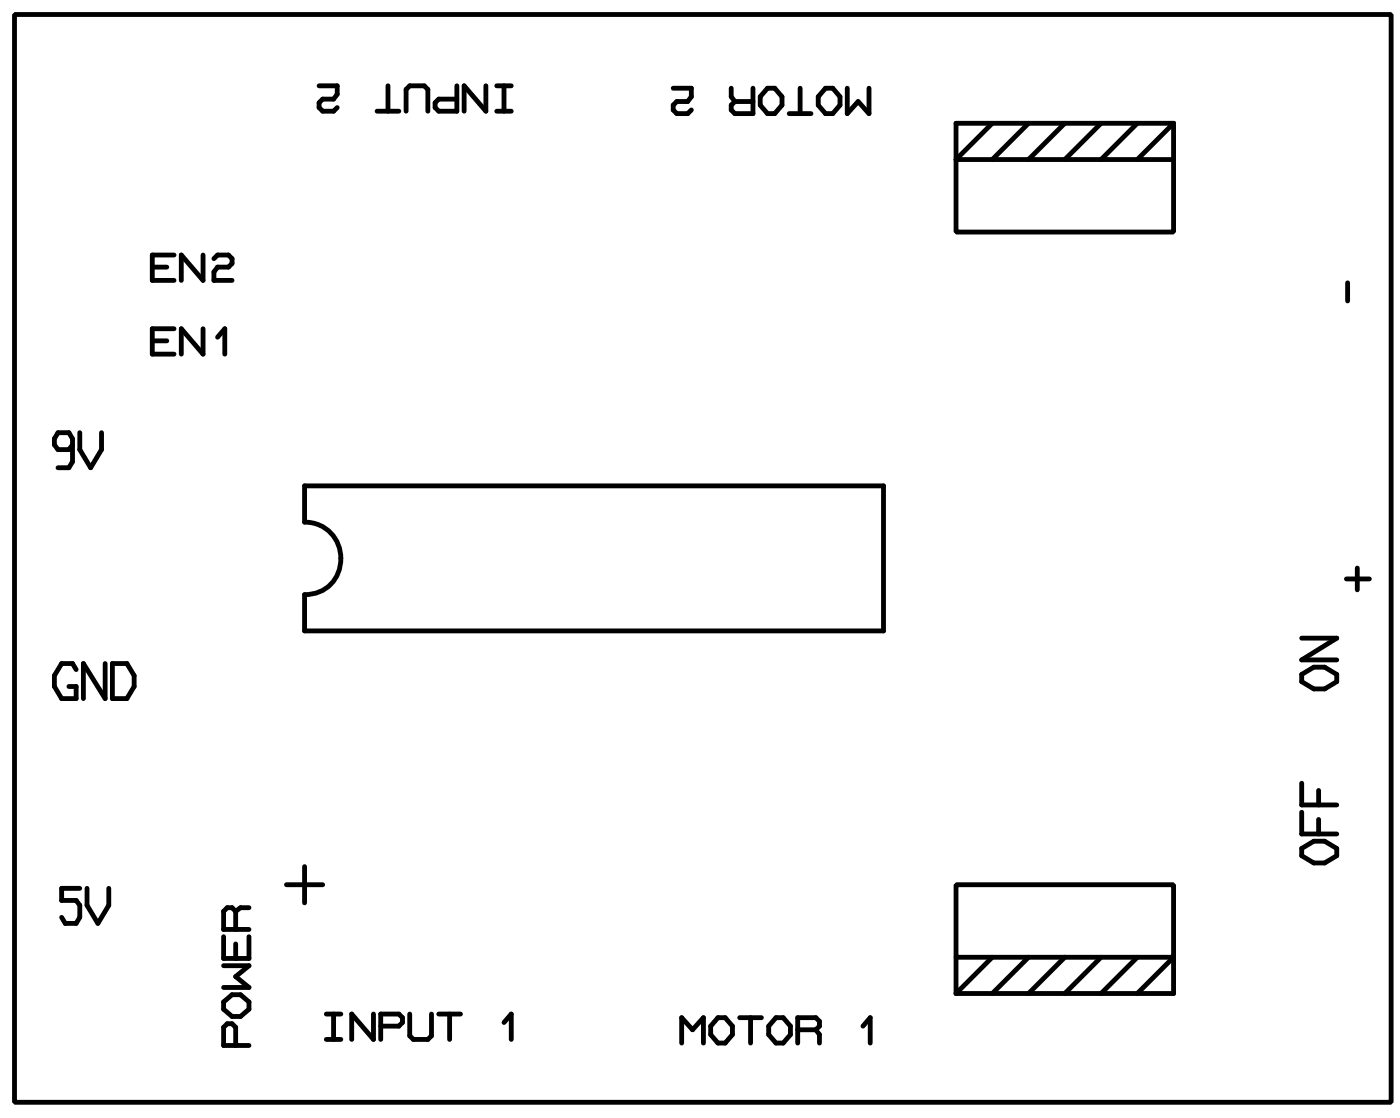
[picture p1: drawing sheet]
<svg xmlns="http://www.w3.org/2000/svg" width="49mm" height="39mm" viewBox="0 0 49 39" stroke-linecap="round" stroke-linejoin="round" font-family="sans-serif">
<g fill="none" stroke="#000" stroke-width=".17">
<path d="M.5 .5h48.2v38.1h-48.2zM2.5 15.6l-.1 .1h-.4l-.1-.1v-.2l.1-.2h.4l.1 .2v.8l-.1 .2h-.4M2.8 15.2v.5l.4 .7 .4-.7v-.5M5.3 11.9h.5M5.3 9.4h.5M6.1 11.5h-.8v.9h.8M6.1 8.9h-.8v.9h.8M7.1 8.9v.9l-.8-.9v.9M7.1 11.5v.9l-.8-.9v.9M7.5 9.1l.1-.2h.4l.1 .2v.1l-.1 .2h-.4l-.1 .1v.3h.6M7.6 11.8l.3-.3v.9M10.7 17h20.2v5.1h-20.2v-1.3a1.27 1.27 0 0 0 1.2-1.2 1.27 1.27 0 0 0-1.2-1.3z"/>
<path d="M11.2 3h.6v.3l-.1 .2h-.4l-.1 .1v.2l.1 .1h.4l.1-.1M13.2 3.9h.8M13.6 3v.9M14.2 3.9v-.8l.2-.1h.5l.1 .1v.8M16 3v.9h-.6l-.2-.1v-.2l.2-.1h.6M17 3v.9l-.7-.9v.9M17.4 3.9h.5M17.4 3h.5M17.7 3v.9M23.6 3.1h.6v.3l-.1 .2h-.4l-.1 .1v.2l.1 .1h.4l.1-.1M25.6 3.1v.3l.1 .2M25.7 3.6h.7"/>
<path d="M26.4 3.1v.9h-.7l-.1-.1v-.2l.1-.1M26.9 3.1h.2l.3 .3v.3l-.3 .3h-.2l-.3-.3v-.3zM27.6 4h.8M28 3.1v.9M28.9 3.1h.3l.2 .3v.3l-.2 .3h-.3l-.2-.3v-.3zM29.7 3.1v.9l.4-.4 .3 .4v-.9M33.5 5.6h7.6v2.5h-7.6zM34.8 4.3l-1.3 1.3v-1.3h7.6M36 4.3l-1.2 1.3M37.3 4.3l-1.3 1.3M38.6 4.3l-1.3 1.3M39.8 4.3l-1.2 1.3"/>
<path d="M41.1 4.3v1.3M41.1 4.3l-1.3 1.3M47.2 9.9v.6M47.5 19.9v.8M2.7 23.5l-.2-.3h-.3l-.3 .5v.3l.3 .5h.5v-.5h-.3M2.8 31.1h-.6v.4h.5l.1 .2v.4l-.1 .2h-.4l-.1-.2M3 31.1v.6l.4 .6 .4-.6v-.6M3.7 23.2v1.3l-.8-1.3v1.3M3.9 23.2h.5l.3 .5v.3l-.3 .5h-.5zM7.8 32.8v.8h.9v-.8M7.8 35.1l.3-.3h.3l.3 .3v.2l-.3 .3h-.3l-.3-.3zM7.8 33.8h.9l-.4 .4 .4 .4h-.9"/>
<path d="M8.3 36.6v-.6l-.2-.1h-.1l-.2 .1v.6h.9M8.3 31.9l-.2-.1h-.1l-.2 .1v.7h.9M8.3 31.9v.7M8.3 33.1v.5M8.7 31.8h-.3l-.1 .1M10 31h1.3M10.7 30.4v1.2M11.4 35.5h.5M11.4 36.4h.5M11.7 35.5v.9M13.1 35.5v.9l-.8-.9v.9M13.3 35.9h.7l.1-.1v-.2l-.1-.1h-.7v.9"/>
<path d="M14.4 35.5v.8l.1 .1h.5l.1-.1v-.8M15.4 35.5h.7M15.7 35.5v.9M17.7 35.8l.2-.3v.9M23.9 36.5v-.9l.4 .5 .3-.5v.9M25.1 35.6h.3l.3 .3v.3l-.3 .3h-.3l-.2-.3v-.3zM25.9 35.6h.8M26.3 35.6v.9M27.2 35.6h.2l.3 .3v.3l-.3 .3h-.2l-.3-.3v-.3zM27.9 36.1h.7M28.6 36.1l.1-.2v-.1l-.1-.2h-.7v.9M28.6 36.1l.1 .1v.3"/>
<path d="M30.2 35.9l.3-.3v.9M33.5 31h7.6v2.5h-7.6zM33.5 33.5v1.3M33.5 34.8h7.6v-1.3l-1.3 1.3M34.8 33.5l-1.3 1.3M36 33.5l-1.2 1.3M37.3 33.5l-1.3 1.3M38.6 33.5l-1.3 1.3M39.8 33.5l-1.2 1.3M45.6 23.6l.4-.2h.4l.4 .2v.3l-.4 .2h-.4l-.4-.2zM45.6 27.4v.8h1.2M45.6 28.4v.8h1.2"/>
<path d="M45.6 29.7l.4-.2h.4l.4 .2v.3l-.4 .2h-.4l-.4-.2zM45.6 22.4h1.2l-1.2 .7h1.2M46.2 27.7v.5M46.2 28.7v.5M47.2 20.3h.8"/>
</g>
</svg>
____________
Search the records for the word "width" and return every line that holds it.

* OUTPUT FOR THIS TASK
<svg xmlns="http://www.w3.org/2000/svg" width="49mm" height="39mm" viewBox="0 0 49 39" stroke-linecap="round" stroke-linejoin="round" font-family="sans-serif">
<g fill="none" stroke="#000" stroke-width=".17">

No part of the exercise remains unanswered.